La Commission européenne vient d’annoncer un renforcement de sa surveillance du réseau social TikTok dans le contexte des élections en cours en Roumanie. Cette décision fait suite à des informations reçues par l’exécutif européen laissant craindre une potentielle ingérence de la Russie via la populaire application.
L’UE joue son rôle de gendarme du numérique
Sans se prononcer à ce stade sur une éventuelle violation des règles par TikTok, la Commission européenne exige de la plateforme qu’elle gèle et conserve toutes les données liées aux « risques systémiques réels ou prévisibles » que son service pourrait faire peser sur les processus électoraux et le débat civique au sein de l’Union.
Cet ordre de conservation concerne spécifiquement « les élections nationales dans l’Union européenne entre le 24 novembre 2024 et le 31 mars 2025 », a précisé la Commission. L’exécutif européen joue ainsi pleinement son rôle de gendarme du numérique dans l’UE, en vertu du récent règlement sur les services numériques (DSA) entré en vigueur le 17 février dernier.
Soupçons d’ingérence russe
Cette décision de Bruxelles intervient alors que la Roumanie pourrait élire dimanche son premier président d’extrême droite, un scrutin aux lourds enjeux pour cet État membre de l’UE et de l’Otan, voisin direct de l’Ukraine en guerre. Le pays traverse actuellement une période turbulente, marquée par une succession d’élections, de recomptages, de craintes d’annulation, d’accusations d’ingérence russe et de soupçons de traitement déséquilibré des candidats par TikTok, le réseau privilégié du candidat nationaliste Calin Georgescu arrivé en tête à la surprise générale au premier tour.
Selon une source proche du dossier, les informations récemment déclassifiées reçues par la Commission « indiquent une interférence étrangère de la part de la Russie » dans le processus électoral roumain en cours. Un scénario qui rappelle les ingérences russes constatées lors de scrutins précédents dans d’autres pays comme les États-Unis ou la France.
TikTok dans le viseur
Si la Commission ne se prononce pas à ce stade sur une éventuelle violation des obligations de TikTok au titre du DSA, elle exige néanmoins de la plateforme chinoise qu’elle lui fournisse des documents internes et des informations relatives à la conception et au fonctionnement de ses systèmes de recommandation. TikTok devra également détailler la manière dont il gère les risques de manipulation intentionnelle de son service.

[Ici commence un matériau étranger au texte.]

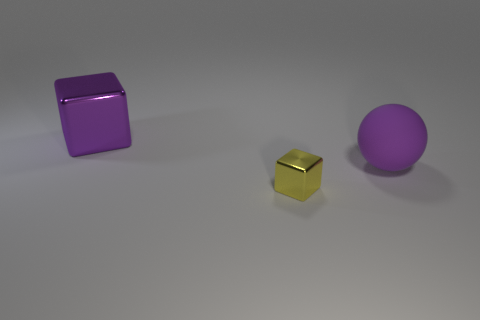Can you describe the textures of the objects shown? Certainly! The purple cube on the left appears to have a matte finish, giving it a non-reflective surface texture. The small golden cube in the center has a reflective metallic surface, likely indicating a smooth and shiny texture. Finally, the purple sphere on the right also seems to have a smooth, matte finish, albeit with a slight sheen that suggests it may be slightly reflective under direct light. 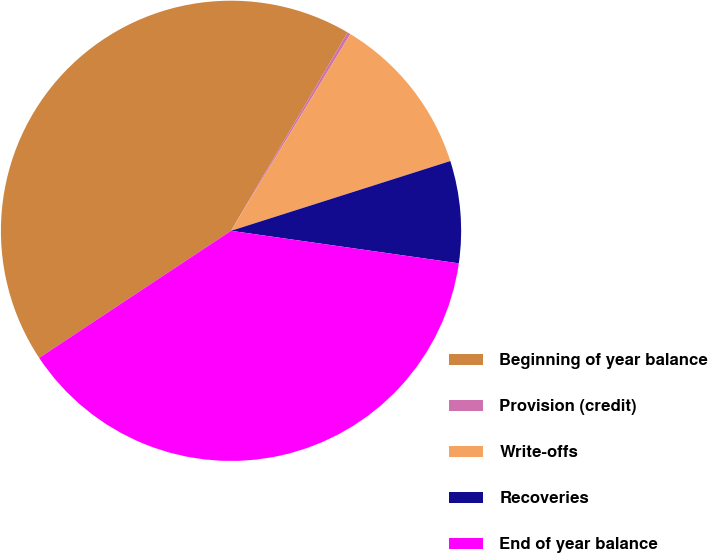<chart> <loc_0><loc_0><loc_500><loc_500><pie_chart><fcel>Beginning of year balance<fcel>Provision (credit)<fcel>Write-offs<fcel>Recoveries<fcel>End of year balance<nl><fcel>42.77%<fcel>0.22%<fcel>11.42%<fcel>7.16%<fcel>38.43%<nl></chart> 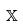Convert formula to latex. <formula><loc_0><loc_0><loc_500><loc_500>\mathbb { X }</formula> 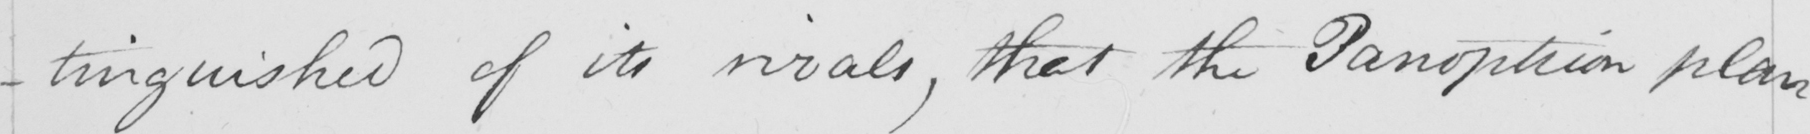Please transcribe the handwritten text in this image. -tinguished of its rivals , that the Panopticon plan 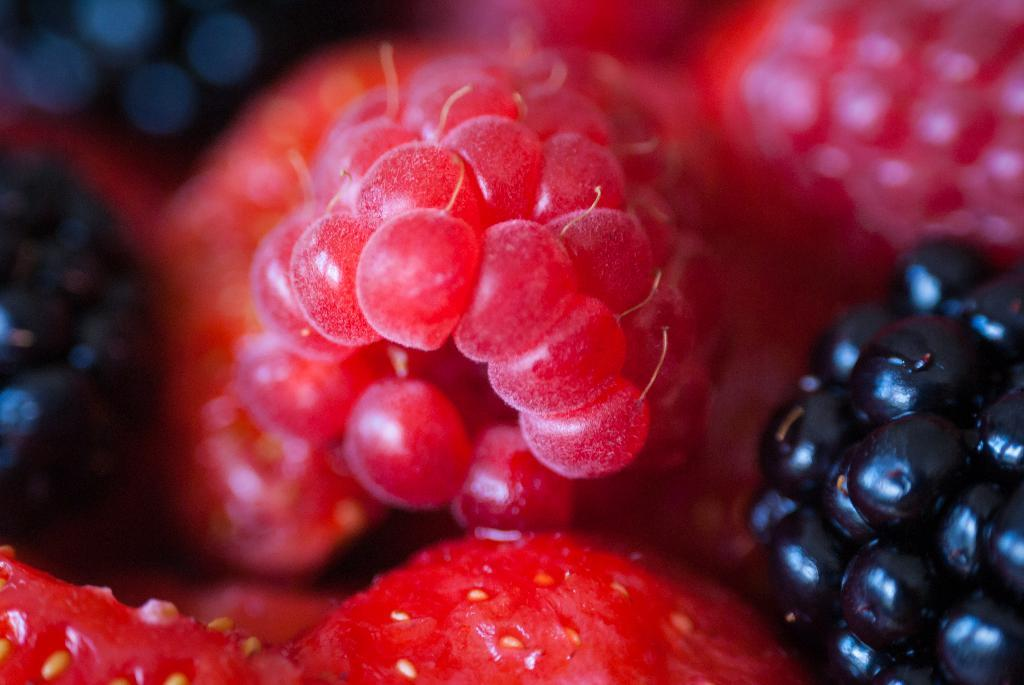What type of food is visible in the image? There are fruits in the image. What color are the red fruits in the image? The red fruits in the image are red in color. What color are the black fruits in the image? The black fruits in the image are black in color. What is the tendency of the plastic to laugh in the image? There is no plastic or laughter present in the image. 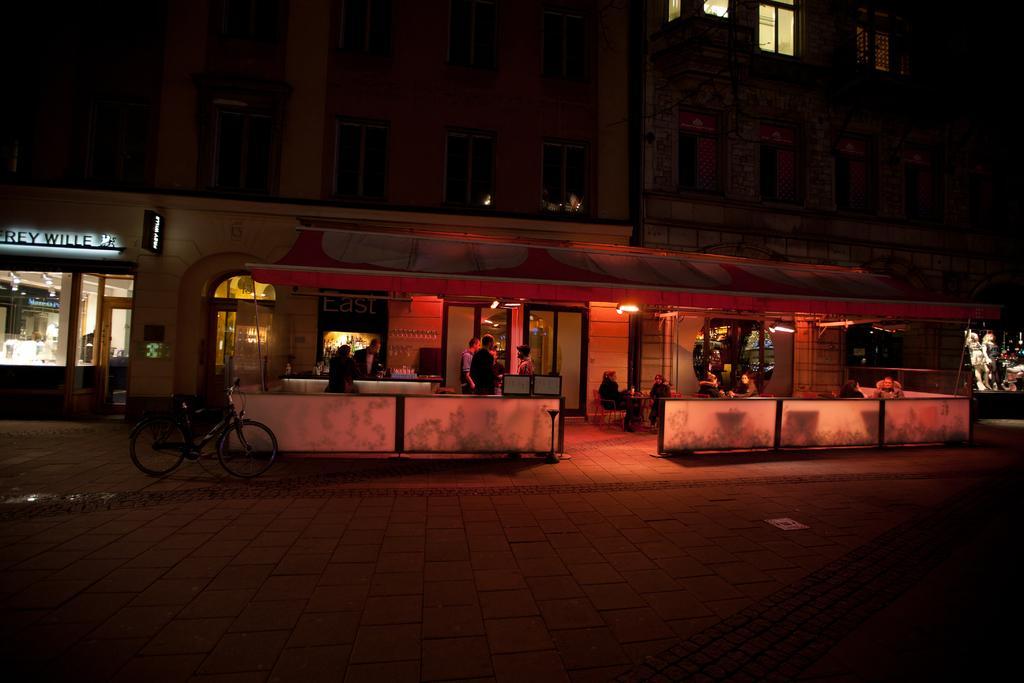In one or two sentences, can you explain what this image depicts? This image consists of a building. It has windows. In the middle it looks like a store. There are some persons standing in the middle. There are lights in the middle. There is a bicycle on the left side. 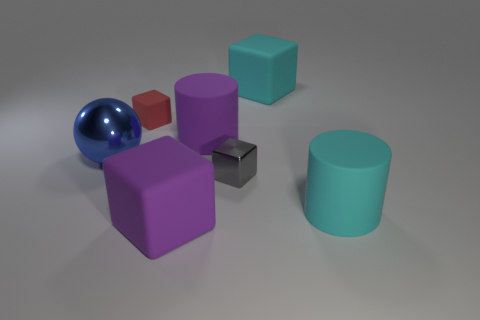Subtract all big cyan cubes. How many cubes are left? 3 Subtract all purple cubes. How many cubes are left? 3 Add 3 large blue cylinders. How many objects exist? 10 Subtract 1 cubes. How many cubes are left? 3 Subtract all balls. How many objects are left? 6 Subtract all red balls. Subtract all red cylinders. How many balls are left? 1 Subtract all small gray metallic blocks. Subtract all small gray blocks. How many objects are left? 5 Add 1 large cyan rubber things. How many large cyan rubber things are left? 3 Add 1 red shiny blocks. How many red shiny blocks exist? 1 Subtract 0 green cylinders. How many objects are left? 7 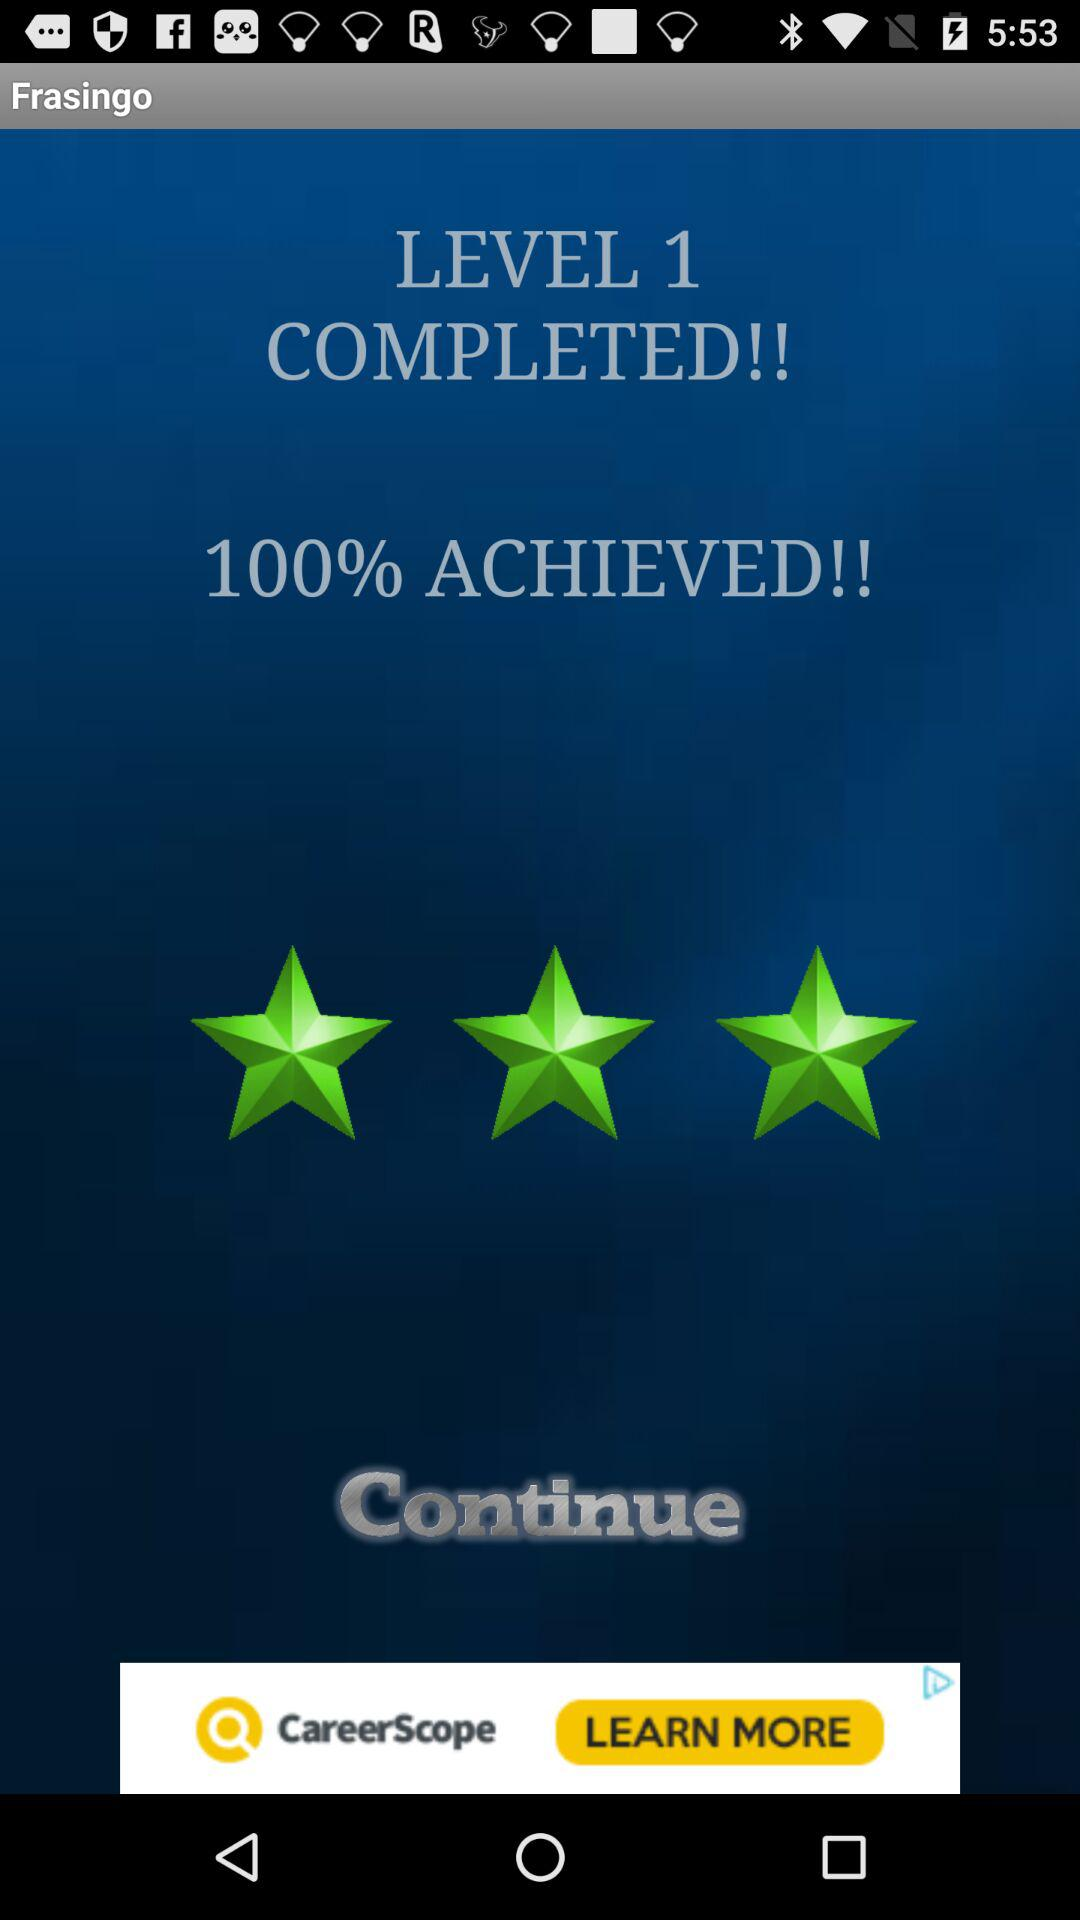What percentage is achieved at level 1? The achieved percentage is 100. 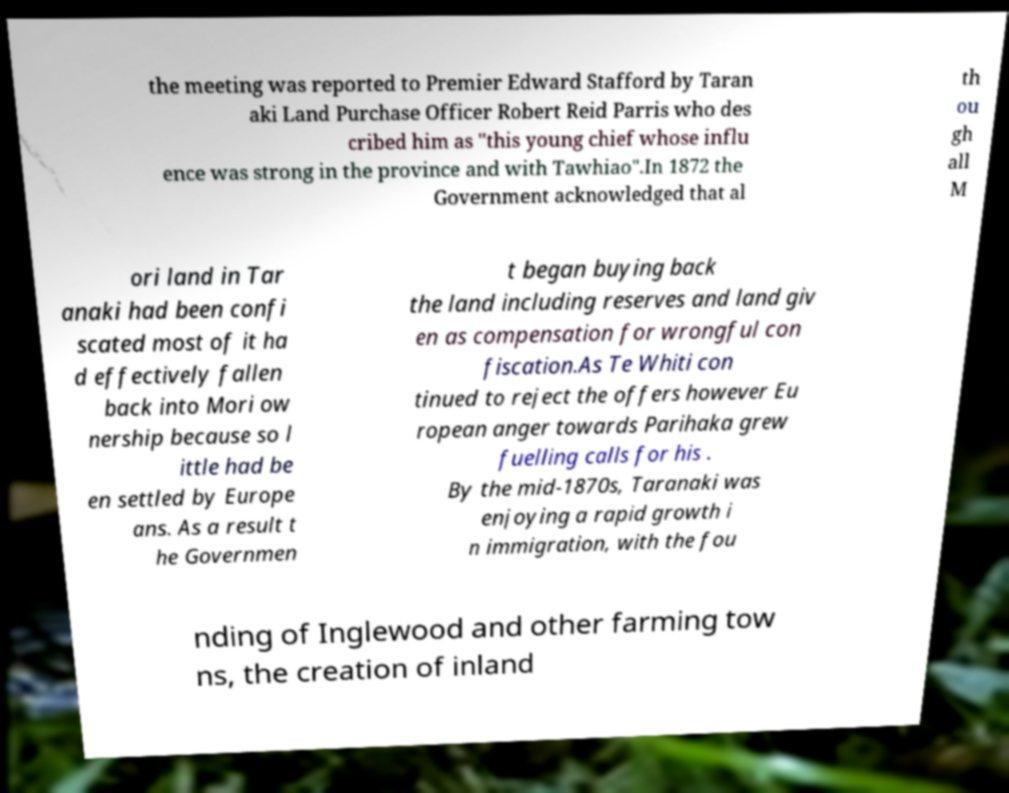There's text embedded in this image that I need extracted. Can you transcribe it verbatim? the meeting was reported to Premier Edward Stafford by Taran aki Land Purchase Officer Robert Reid Parris who des cribed him as "this young chief whose influ ence was strong in the province and with Tawhiao".In 1872 the Government acknowledged that al th ou gh all M ori land in Tar anaki had been confi scated most of it ha d effectively fallen back into Mori ow nership because so l ittle had be en settled by Europe ans. As a result t he Governmen t began buying back the land including reserves and land giv en as compensation for wrongful con fiscation.As Te Whiti con tinued to reject the offers however Eu ropean anger towards Parihaka grew fuelling calls for his . By the mid-1870s, Taranaki was enjoying a rapid growth i n immigration, with the fou nding of Inglewood and other farming tow ns, the creation of inland 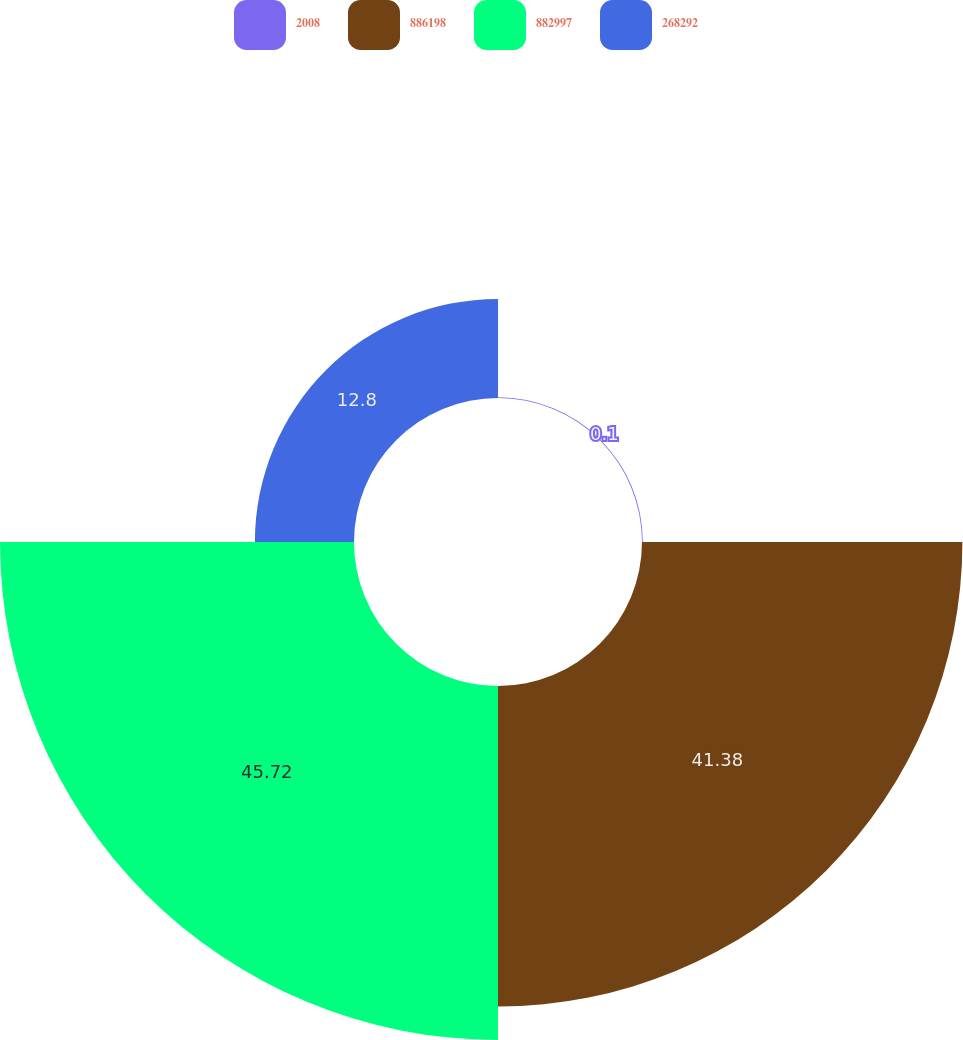Convert chart to OTSL. <chart><loc_0><loc_0><loc_500><loc_500><pie_chart><fcel>2008<fcel>886198<fcel>882997<fcel>268292<nl><fcel>0.1%<fcel>41.38%<fcel>45.72%<fcel>12.8%<nl></chart> 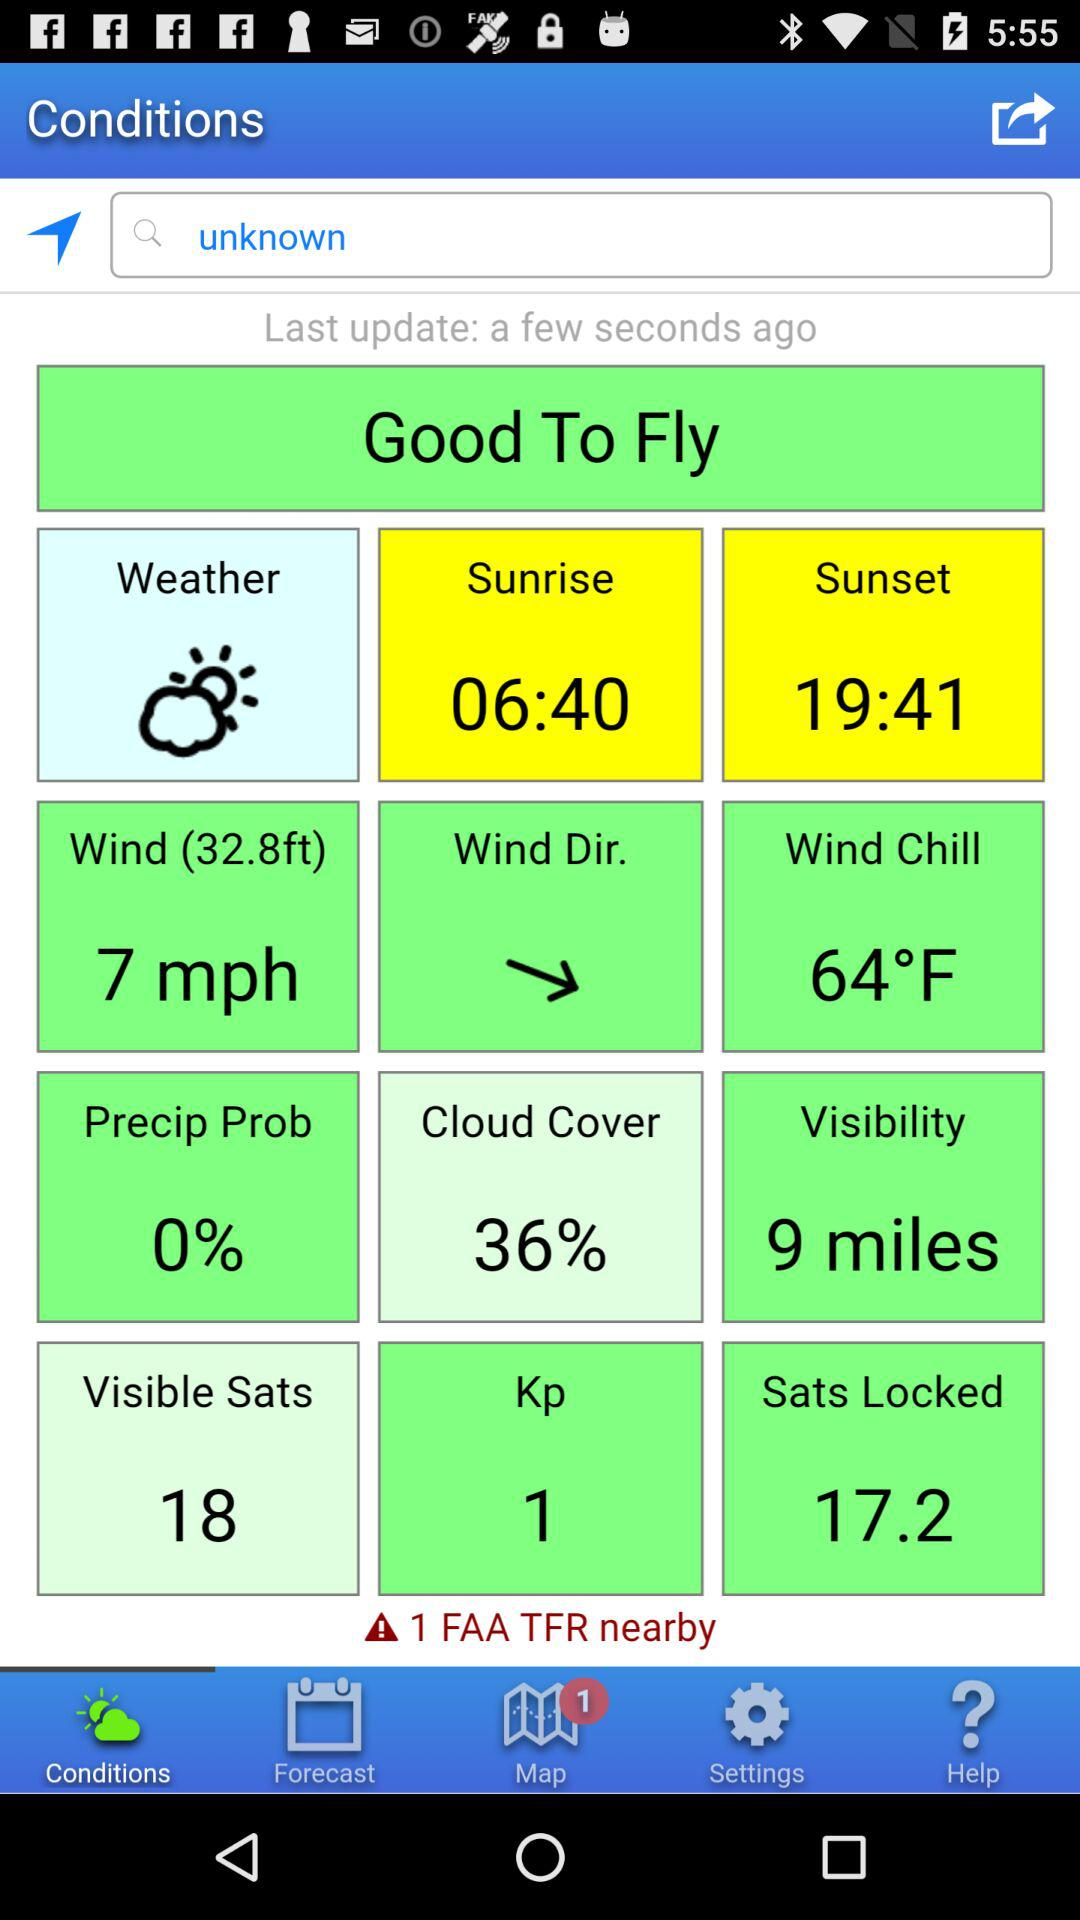How many FAA TFRs are nearby?
Answer the question using a single word or phrase. 1

Cette mise sous surveillance accrue de TikTok intervient alors que l’application est déjà dans le collimateur des autorités américaines et européennes pour ses liens avec la Chine et les risques d’accès du régime chinois aux données des utilisateurs occidentaux. En proie à une défiance croissante, TikTok multiplie les efforts pour rassurer sur son intégrité et son indépendance vis-à-vis de Pékin.
Enjeux pour la souveraineté numérique européenne
Au-delà du cas spécifique de la Roumanie, cette affaire illustre les défis auxquels est confrontée l’Union européenne pour préserver l’intégrité de ses processus démocratiques à l’ère des réseaux sociaux et des ingérences étrangères. Face à la menace, Bruxelles entend jouer un rôle moteur pour réguler les géants du numérique et protéger la souveraineté numérique européenne.
Avec le DSA, l’UE s’est dotée d’un cadre ambitieux pour lutter contre la désinformation, les contenus illégaux et les manipulations en ligne. Reste à voir si ces nouvelles règles suffiront à endiguer les tentatives de déstabilisation venues de l’extérieur, à l’heure où les réseaux sociaux sont devenus des armes d’influence massive et où les tensions géopolitiques exacerbent la guerre de l’information.
Les élections roumaines constituent un test grandeur nature pour mesurer l’efficacité de la réponse européenne face à ces nouveaux périls. Et un enjeu crucial pour l’avenir de la démocratie sur le continent.